[Opening Provided records section]

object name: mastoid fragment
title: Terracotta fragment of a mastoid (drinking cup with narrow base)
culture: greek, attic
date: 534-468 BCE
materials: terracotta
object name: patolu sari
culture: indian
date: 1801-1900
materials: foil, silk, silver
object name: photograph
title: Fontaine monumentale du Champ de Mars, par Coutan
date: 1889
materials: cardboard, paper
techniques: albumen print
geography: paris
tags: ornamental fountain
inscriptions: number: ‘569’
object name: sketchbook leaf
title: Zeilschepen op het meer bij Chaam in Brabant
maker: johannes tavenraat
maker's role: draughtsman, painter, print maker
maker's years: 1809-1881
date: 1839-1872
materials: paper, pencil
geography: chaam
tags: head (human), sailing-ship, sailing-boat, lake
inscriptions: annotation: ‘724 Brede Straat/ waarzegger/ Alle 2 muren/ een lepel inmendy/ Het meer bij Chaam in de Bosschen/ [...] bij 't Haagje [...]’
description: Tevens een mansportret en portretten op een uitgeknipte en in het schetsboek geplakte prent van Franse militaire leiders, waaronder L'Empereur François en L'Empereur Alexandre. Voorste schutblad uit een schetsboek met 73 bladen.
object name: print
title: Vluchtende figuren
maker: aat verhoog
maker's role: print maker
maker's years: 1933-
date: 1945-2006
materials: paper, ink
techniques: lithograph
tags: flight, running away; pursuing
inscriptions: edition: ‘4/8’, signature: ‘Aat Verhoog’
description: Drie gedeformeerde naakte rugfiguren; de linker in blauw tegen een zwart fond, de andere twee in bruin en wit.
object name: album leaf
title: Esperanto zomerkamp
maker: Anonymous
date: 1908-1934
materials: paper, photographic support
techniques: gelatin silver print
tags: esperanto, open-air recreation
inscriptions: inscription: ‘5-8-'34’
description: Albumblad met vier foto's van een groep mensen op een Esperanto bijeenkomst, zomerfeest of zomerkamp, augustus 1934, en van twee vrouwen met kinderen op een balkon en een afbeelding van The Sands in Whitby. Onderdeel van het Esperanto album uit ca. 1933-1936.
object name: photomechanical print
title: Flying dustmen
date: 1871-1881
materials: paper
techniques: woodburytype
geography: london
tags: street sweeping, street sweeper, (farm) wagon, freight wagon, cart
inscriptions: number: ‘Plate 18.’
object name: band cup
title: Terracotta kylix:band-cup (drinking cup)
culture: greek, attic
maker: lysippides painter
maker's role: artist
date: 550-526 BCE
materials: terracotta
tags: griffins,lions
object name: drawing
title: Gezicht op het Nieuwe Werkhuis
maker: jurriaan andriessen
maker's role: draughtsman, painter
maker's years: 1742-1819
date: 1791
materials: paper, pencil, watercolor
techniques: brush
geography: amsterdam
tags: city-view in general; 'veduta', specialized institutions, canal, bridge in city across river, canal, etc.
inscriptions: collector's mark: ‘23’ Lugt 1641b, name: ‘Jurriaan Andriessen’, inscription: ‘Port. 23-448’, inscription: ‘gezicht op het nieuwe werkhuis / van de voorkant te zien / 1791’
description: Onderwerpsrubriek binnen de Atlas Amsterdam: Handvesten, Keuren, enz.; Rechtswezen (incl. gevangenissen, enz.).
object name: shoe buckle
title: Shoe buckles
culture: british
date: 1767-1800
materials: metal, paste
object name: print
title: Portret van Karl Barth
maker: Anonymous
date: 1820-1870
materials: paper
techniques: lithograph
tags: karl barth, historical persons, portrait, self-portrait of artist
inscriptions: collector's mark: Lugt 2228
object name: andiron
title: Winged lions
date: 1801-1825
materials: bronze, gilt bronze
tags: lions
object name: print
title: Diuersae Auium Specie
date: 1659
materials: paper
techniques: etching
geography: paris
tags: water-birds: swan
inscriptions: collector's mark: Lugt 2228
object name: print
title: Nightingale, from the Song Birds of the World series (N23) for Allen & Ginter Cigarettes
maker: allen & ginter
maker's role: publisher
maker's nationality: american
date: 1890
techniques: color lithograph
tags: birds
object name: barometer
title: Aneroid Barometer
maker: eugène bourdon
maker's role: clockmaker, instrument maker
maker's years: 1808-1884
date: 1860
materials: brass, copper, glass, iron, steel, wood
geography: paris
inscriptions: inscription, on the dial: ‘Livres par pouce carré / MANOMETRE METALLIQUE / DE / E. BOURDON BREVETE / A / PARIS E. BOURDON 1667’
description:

[Closing Provided records section]

Reproduce, word for word and in full, only the lines above that start at the line with "tags: ornamental fountain" and run through the line with "object name: album leaf", both ends included.

tags: ornamental fountain
inscriptions: number: ‘569’
object name: sketchbook leaf
title: Zeilschepen op het meer bij Chaam in Brabant
maker: johannes tavenraat
maker's role: draughtsman, painter, print maker
maker's years: 1809-1881
date: 1839-1872
materials: paper, pencil
geography: chaam
tags: head (human), sailing-ship, sailing-boat, lake
inscriptions: annotation: ‘724 Brede Straat/ waarzegger/ Alle 2 muren/ een lepel inmendy/ Het meer bij Chaam in de Bosschen/ [...] bij 't Haagje [...]’
description: Tevens een mansportret en portretten op een uitgeknipte en in het schetsboek geplakte prent van Franse militaire leiders, waaronder L'Empereur François en L'Empereur Alexandre. Voorste schutblad uit een schetsboek met 73 bladen.
object name: print
title: Vluchtende figuren
maker: aat verhoog
maker's role: print maker
maker's years: 1933-
date: 1945-2006
materials: paper, ink
techniques: lithograph
tags: flight, running away; pursuing
inscriptions: edition: ‘4/8’, signature: ‘Aat Verhoog’
description: Drie gedeformeerde naakte rugfiguren; de linker in blauw tegen een zwart fond, de andere twee in bruin en wit.
object name: album leaf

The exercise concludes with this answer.